=== ABOUT THIS EXERCISE ===
When you find the line with "15. cardboard box [863,117,973,200]" among the records below, reproduce it and each line after it exactly, ending with the line with "21. cardboard box [626,102,661,150]".

--------------------------------------------------

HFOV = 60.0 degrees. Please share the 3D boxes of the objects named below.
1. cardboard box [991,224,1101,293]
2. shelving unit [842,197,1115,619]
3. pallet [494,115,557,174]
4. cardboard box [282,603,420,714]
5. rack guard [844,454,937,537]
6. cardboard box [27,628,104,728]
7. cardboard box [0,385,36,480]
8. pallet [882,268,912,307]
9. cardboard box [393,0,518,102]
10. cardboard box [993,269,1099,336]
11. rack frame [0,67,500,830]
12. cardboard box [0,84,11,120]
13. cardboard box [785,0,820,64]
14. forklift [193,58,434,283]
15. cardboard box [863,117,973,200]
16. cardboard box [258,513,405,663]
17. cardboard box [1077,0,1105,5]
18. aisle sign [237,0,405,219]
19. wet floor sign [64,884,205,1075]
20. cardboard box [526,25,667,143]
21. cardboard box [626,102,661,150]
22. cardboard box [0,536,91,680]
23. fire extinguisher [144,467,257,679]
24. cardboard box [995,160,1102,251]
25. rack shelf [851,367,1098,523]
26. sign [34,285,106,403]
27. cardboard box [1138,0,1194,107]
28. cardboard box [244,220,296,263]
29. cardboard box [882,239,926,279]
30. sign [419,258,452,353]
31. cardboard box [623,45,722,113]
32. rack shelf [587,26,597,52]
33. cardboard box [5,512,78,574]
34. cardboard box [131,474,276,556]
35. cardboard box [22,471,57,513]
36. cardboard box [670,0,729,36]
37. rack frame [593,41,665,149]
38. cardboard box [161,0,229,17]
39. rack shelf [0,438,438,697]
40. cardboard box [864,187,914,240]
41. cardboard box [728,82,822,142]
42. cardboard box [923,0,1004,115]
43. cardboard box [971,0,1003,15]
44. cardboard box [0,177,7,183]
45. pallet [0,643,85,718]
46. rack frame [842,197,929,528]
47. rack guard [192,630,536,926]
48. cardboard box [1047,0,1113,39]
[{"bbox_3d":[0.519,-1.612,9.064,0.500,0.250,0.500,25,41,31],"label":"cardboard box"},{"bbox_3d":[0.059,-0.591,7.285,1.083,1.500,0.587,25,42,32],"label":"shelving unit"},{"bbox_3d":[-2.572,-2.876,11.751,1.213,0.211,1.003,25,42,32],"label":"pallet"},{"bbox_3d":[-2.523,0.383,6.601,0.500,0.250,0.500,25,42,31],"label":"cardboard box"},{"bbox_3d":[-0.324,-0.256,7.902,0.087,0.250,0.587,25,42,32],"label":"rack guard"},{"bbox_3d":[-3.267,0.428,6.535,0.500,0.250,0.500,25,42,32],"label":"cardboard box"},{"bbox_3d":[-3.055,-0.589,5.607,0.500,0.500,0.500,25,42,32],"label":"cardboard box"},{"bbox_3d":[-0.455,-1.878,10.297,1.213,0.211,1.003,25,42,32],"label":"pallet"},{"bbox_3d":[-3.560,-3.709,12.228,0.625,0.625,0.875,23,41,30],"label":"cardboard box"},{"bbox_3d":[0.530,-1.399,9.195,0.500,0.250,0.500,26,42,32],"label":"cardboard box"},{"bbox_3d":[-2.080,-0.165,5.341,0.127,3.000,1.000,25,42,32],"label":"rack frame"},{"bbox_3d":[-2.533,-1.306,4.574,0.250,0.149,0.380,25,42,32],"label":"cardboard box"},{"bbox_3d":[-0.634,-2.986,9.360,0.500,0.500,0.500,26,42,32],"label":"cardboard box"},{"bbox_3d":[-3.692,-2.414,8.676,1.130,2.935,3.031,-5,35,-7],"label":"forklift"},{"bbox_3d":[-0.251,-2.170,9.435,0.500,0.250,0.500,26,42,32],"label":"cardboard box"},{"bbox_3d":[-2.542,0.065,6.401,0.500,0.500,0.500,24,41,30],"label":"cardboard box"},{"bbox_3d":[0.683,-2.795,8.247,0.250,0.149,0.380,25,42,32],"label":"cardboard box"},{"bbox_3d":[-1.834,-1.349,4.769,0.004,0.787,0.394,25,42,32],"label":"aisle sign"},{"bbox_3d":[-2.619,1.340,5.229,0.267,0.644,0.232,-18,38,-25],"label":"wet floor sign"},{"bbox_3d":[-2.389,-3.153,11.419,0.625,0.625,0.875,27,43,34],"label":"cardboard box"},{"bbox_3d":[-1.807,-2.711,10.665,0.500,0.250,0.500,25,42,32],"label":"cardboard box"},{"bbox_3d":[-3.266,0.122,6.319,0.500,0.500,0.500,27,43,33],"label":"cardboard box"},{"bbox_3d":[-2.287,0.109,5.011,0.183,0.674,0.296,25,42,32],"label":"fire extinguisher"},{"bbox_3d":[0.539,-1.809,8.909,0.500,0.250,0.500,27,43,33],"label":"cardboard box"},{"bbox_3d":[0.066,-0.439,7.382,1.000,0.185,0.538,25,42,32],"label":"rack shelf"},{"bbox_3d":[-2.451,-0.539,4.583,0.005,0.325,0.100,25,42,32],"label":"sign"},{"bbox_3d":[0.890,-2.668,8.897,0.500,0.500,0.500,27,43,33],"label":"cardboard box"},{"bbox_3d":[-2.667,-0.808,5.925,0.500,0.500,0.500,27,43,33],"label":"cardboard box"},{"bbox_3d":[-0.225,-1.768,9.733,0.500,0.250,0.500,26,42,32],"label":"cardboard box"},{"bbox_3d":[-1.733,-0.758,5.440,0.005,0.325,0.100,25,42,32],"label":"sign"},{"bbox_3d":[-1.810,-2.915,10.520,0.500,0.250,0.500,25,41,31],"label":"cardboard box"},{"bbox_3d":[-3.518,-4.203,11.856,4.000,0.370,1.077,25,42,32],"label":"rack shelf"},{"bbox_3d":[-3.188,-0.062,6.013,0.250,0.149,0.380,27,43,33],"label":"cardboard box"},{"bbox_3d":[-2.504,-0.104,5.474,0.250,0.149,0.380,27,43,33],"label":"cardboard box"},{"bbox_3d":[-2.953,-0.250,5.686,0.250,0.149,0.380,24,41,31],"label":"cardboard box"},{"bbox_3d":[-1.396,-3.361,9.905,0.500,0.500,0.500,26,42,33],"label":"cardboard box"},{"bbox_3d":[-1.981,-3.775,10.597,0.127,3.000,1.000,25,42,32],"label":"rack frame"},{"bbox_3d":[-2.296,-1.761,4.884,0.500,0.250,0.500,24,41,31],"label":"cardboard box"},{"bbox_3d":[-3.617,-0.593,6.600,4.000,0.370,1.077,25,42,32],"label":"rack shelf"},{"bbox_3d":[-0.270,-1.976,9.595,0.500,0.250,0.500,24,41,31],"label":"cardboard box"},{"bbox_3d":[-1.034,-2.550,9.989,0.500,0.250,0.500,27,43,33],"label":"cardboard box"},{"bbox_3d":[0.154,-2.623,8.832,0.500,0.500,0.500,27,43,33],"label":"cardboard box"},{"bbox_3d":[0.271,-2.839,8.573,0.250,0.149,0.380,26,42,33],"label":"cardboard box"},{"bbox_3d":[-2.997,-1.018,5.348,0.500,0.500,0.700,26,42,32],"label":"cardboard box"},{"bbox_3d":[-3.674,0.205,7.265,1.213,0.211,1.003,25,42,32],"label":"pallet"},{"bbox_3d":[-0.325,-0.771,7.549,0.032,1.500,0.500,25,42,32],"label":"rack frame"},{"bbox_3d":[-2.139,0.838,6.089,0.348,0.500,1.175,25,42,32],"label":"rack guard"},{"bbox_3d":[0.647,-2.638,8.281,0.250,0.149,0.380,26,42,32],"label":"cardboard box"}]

--------------------------------------------------

=== EXPECTED ANSWER ===
15. cardboard box [863,117,973,200]
16. cardboard box [258,513,405,663]
17. cardboard box [1077,0,1105,5]
18. aisle sign [237,0,405,219]
19. wet floor sign [64,884,205,1075]
20. cardboard box [526,25,667,143]
21. cardboard box [626,102,661,150]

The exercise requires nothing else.